In their prospective study, Dr. Silverberg and colleagues found that 90% of those who had at least three itch triggers reported 3 months or less of AD remission in the past year, “meaning that 90% are reporting persistent disease when they have multiple itch triggers,” he said. In addition, 78% reported two or more flares per year and 61% reported that AD is worse during certain seasons.
Potential mitigation strategies for stress include stress management, biofeedback, meditation, relaxation training, and mindfulness. “These don’t necessarily require expensive psychotherapy,” he said. Freely available iPhone apps can be incorporated into daily practice, such as Calm, Relax with Andrew Johnson, Nature Sounds Relax and Sleep, Breathe2Relax, and Headspace.
Many AD patients are sedentary and avoid vigorous physical activity owing to heat and sweat as triggers. Simple solutions include exercising in a cooler temperature environment, “not just using fans,” he said. “Take a quick shower right after working out and consider pre- and/or post treatment with topical medication.”
High temperature and sweating can be problematic at bedtime, he continued. Even if the indoor temperature is 70° F, that might jump to 85° F or 90° F under a thick blanket. “That heat can trigger itch and may cause sweating, which can trigger itch,” said Dr. Silverberg, who has AD and is director of patch testing at George Washington University. Potential solutions include using a lighter blanket, lowering the indoor temperature, and wearing breathable pajamas.
Dryness, another common AD trigger, can be secondary to a combination of low outdoor and/or indoor humidity. “Lower outdoor humidity is a particular problem in the wintertime, because cold air doesn’t hold moisture as well,” he said. “That’s why the air feels much dryer in the wintertime. There’s also a problem of indoor heating and cooling. Sometimes central air systems can lower humidity to the point where it’s bone dry.”
In an effort to determine the impact of specific climatic factors on the U.S. prevalence of AD, Dr. Silverberg and colleagues conducted a study using a merged analysis of the 2007 National Survey of Children’s Health from a representative sample of 91,642 children aged 0-17 years and 2006-2007 measurements from the National Climate Data Center and Weather Service. They found that childhood AD prevalence was increased in geographical areas that use more indoor heat and cooling and had lower outdoor humidity. “So, we see that there’s a direct correlate of this dryness issue that is leading to more AD throughout the U.S.,” he said.
Practical solutions to mitigate the effect of dry air on AD include opening windows to allow entry of moist air, “which can be particularly helpful in residences that are overheated,” he said. “I deal with this a lot in patients who live in dormitories.
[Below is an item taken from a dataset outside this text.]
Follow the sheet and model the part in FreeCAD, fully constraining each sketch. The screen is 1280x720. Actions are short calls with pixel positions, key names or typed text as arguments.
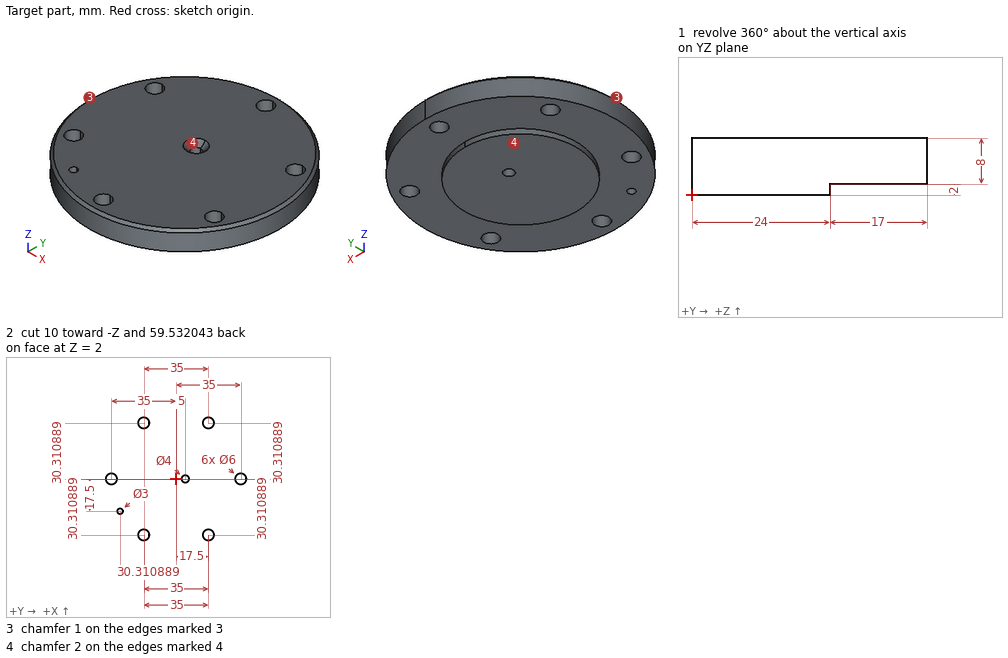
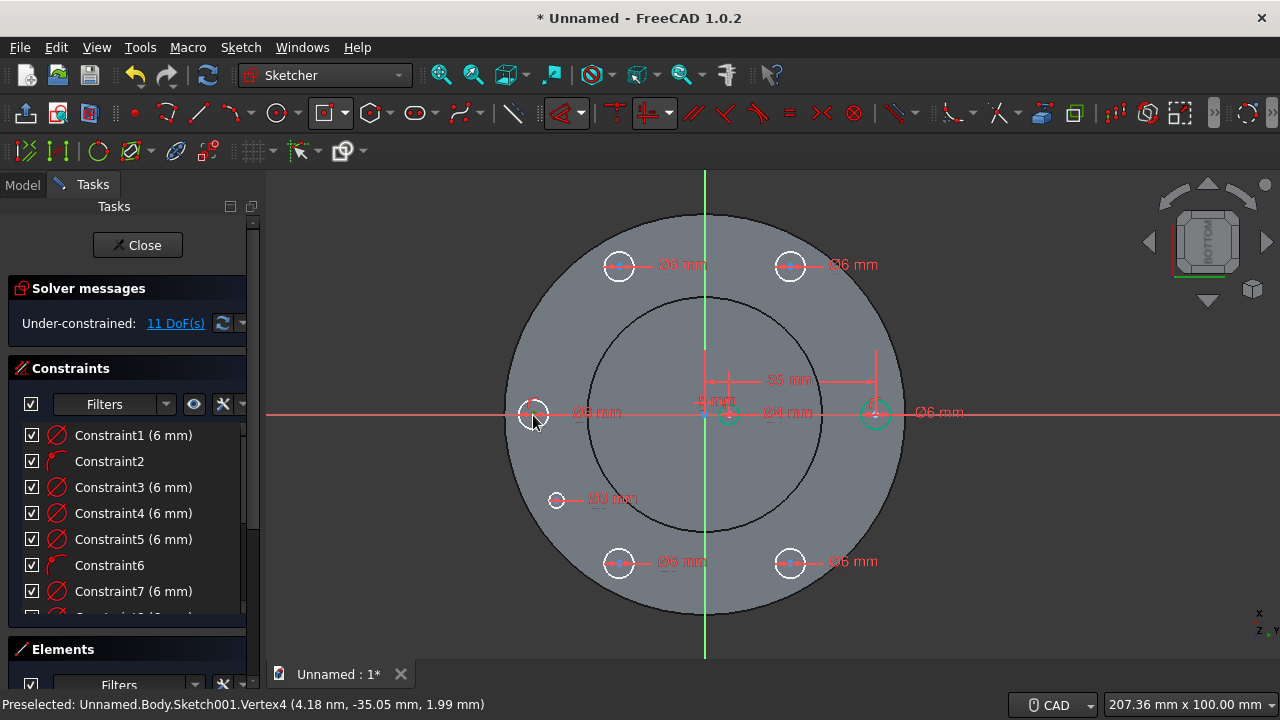
key(l)

Use humidifiers to add moisture back into the air. Aim for 40%-50% indoor humidity to avoid mold and dust mites. It’s better to use demineralized water to reduce bacterial growth. This can be helpful for aeroallergies. Of note, there are really no well-done studies that have examined the efficacy of humidifiers in AD, but based on our anecdotal experience, this is a good way to go.”
Cold temperatures and trigger intense itch, even in the setting of high humidity. “For me personally, this is one of my most brutal triggers,” Dr. Silverberg said. “When I’m in a place with extremes of cold, I get a rapid onset of itch, a mix of itch and pain, particularly on the dorsal hands. For solutions, you can encourage patients to avoid extremely low temperatures, to bundle up, and to potentially use hand warmers or other heating devices.”
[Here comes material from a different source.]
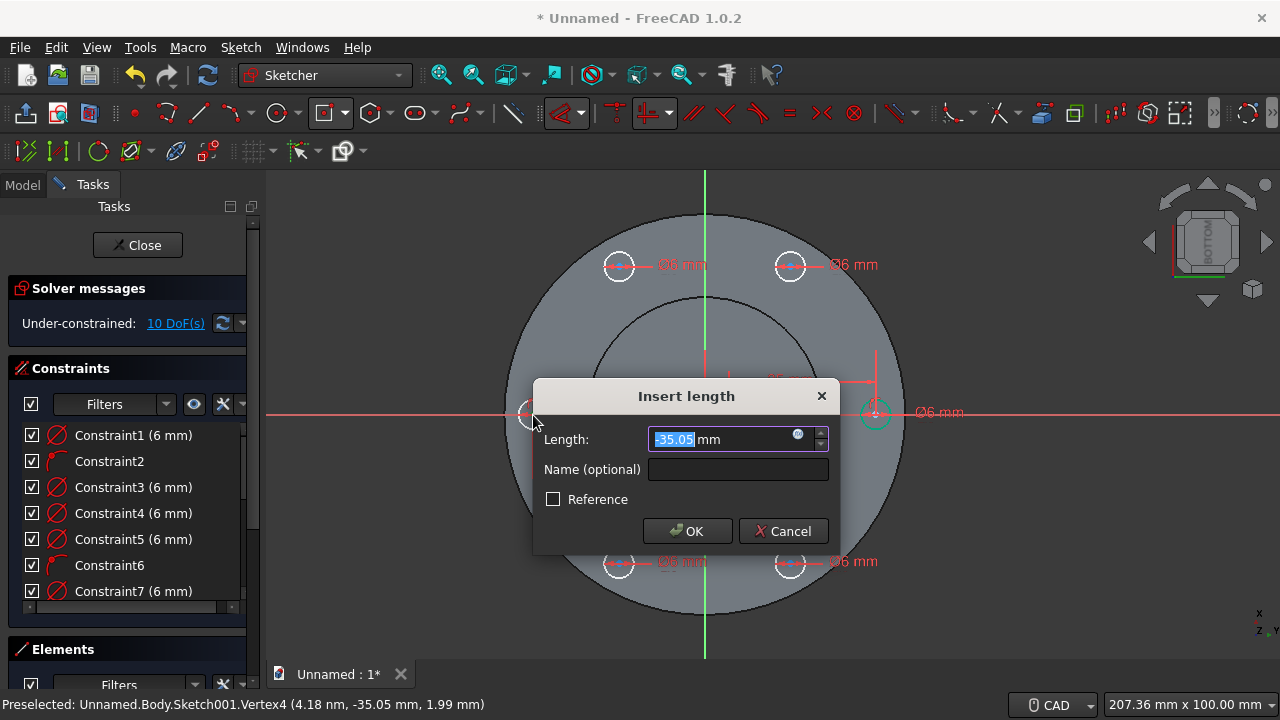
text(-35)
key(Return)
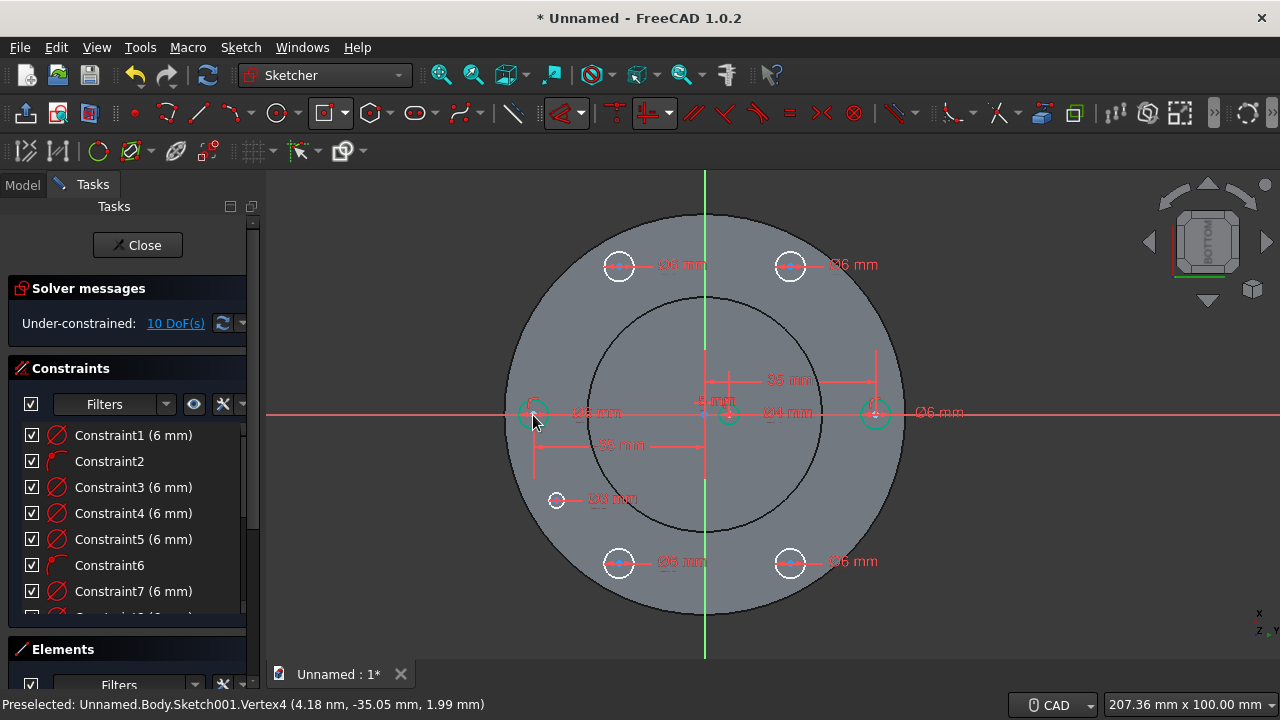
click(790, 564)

Clothing can be a trigger as well, especially tight-fitting clothes, hot and nonbreathable clothes, and large-diameter wool, which has been shown to induce itching and irritation. Mitigation strategies include wearing loose-fitting, lightweight, nonirritating fabric. “Traditional cotton and silk fabrics have mixed evidence in improving AD but are generally safe,” he said. “Ultra- or superfine merino wool has been shown to be nonpruritic. There is sparse evidence to support chemically treated/coated clothing for AD, but this may be an emerging area.”
Dr. Silverberg pointed out variability of cultural perspectives and preferences for bathing practices, including temperature, duration, frequency, optimal bathing products, and the use of loofahs and other scrubbing products. “This stems from different perceptions of what it means to be clean, and how dry our skin should feel after a shower,” he said. “Many clinicians and patients were taught that regular bathing is harmful in AD. It turns out that’s not true.”
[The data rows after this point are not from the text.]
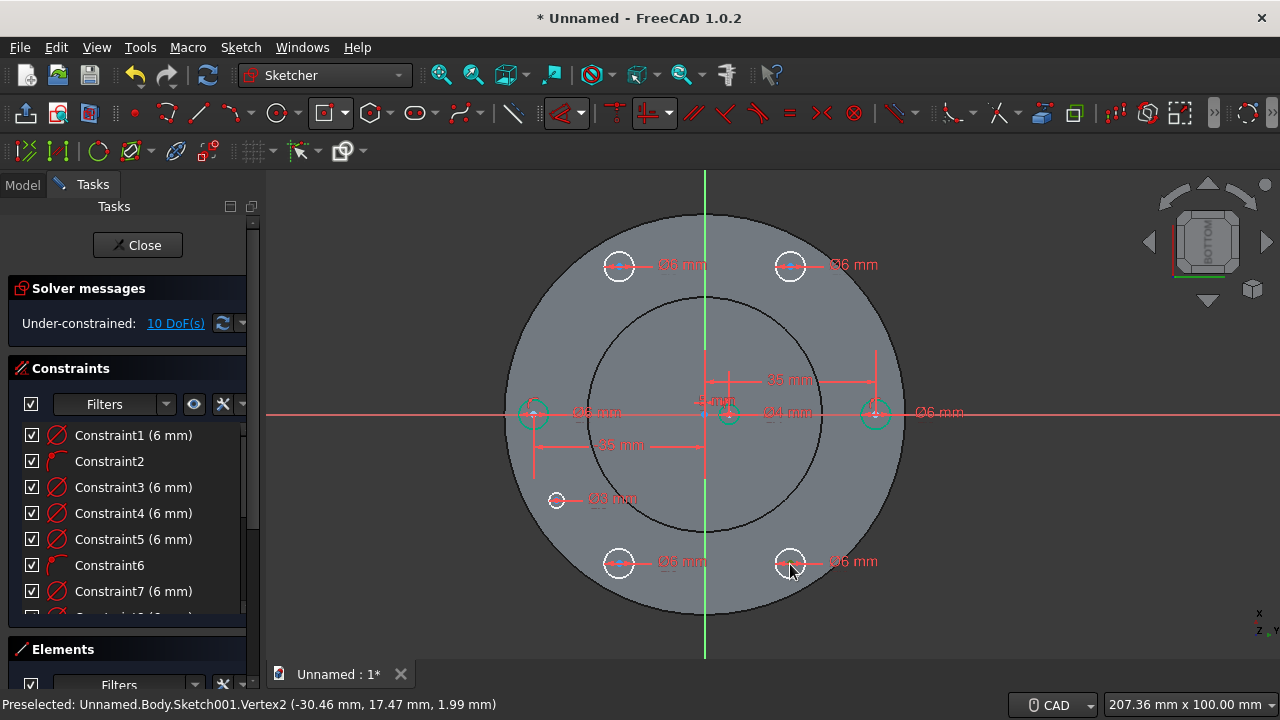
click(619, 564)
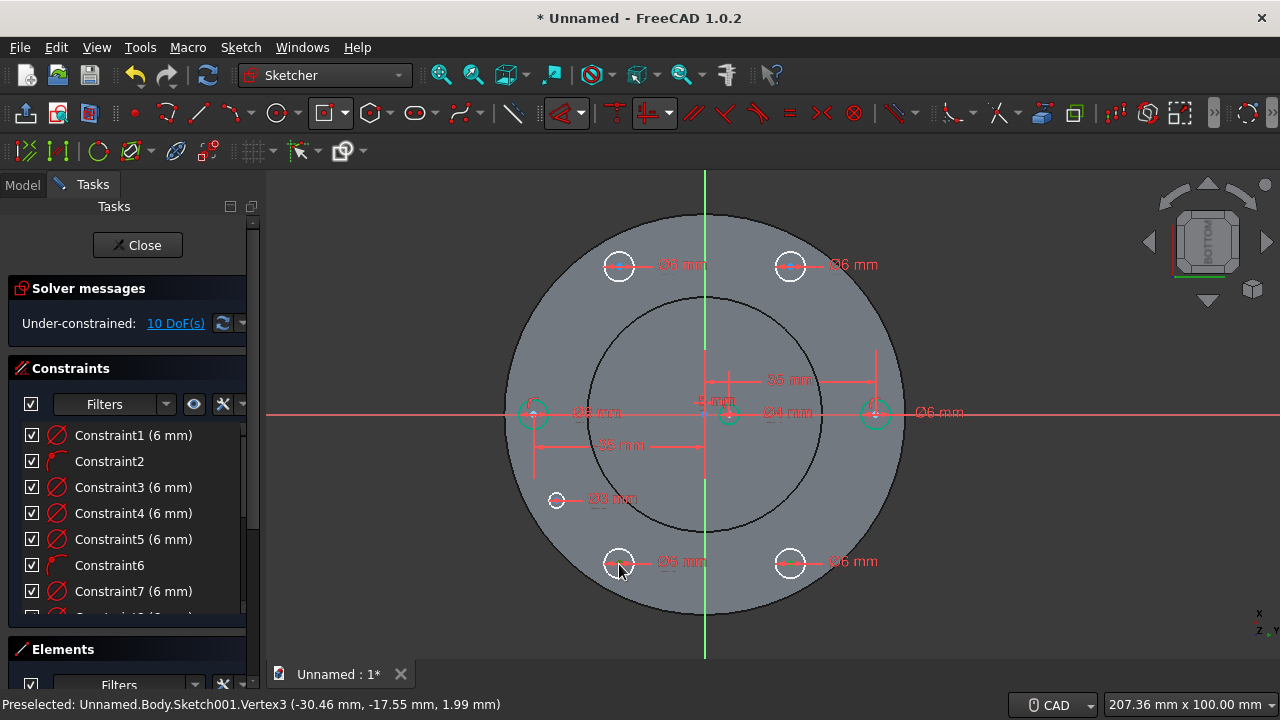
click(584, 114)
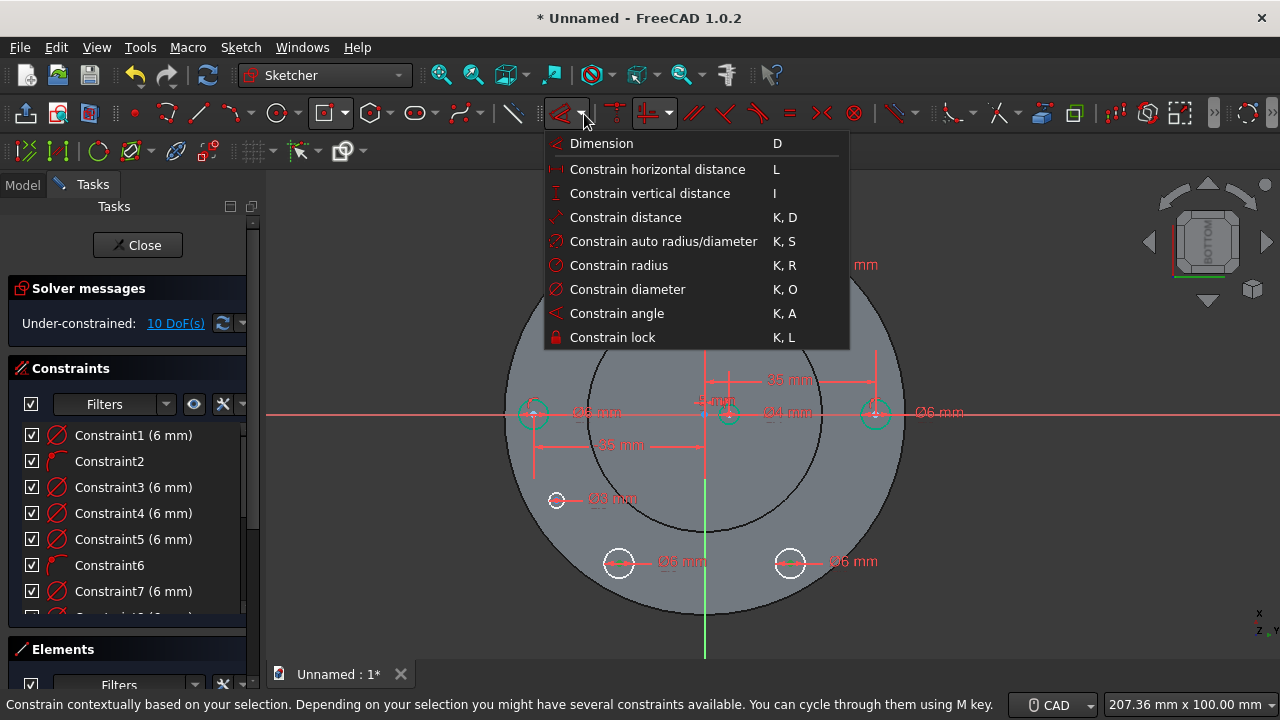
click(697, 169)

In a recently published systematic review and meta-analysis of 13 studies, he and his colleagues examined efficacy outcomes of different bathing/showering regimens in AD. All 13 studies showed numerically reduced AD severity with any bathing regimen in at least one time point. Numerical decreases over time were observed for body surface area (BSA), Eczema Area and Severity Index (EASI), and/or SCORAD measures for daily and less than daily bathing, with or without application of emollients or topical corticosteroids. In random effects regression models, taking baths more than or less than seven times per week were not associated with significant differences of Cohen’s D scores for EASI, SCORAD, or BSA. “The take-home message here is, let your AD patients bathe,” Dr. Silverberg said. “Bathing is good. It can be channeled to help the eczema, but it has to be done the right way.”
Patients should be counseled to use nonirritating cleansers and shampoos, avoid excessively long baths/showers, avoid excessively hot baths/showers, avoid excessive rubbing or scrubbing of skin, and to apply emollients and/or topical corticosteroids immediately after the bath/shower.
PROMIS Itch-Triggers is a simple and feasible checklist to screen for the most common itch triggers in AD in clinical practice (patients are asked to check off which of the following have caused their itch in the previous 7 days: cold temperature, hot temperature, heat, sweat, tight clothing, fragrances, boredom, talking about itch, stress, weather change, sunlight, humid air, dry air). “It takes less than 1 minute to complete,” he said. “Additional testing with skin patch and/or prick testing may be warranted to identify allergenic triggers.”
Dr. Silverberg reported that he is a consultant to and/or an advisory board member for several pharmaceutical companies. He is also a speaker for Regeneron and Sanofi and has received a grant from Galderma.
“Guidelines on trigger avoidance are written as if it’s easy to do,” Jonathan I. Silverberg, MD, PhD, MPH, said during the Revolutionizing Atopic Dermatitis virtual symposium. “It turns out that trigger avoidance is really complicated.”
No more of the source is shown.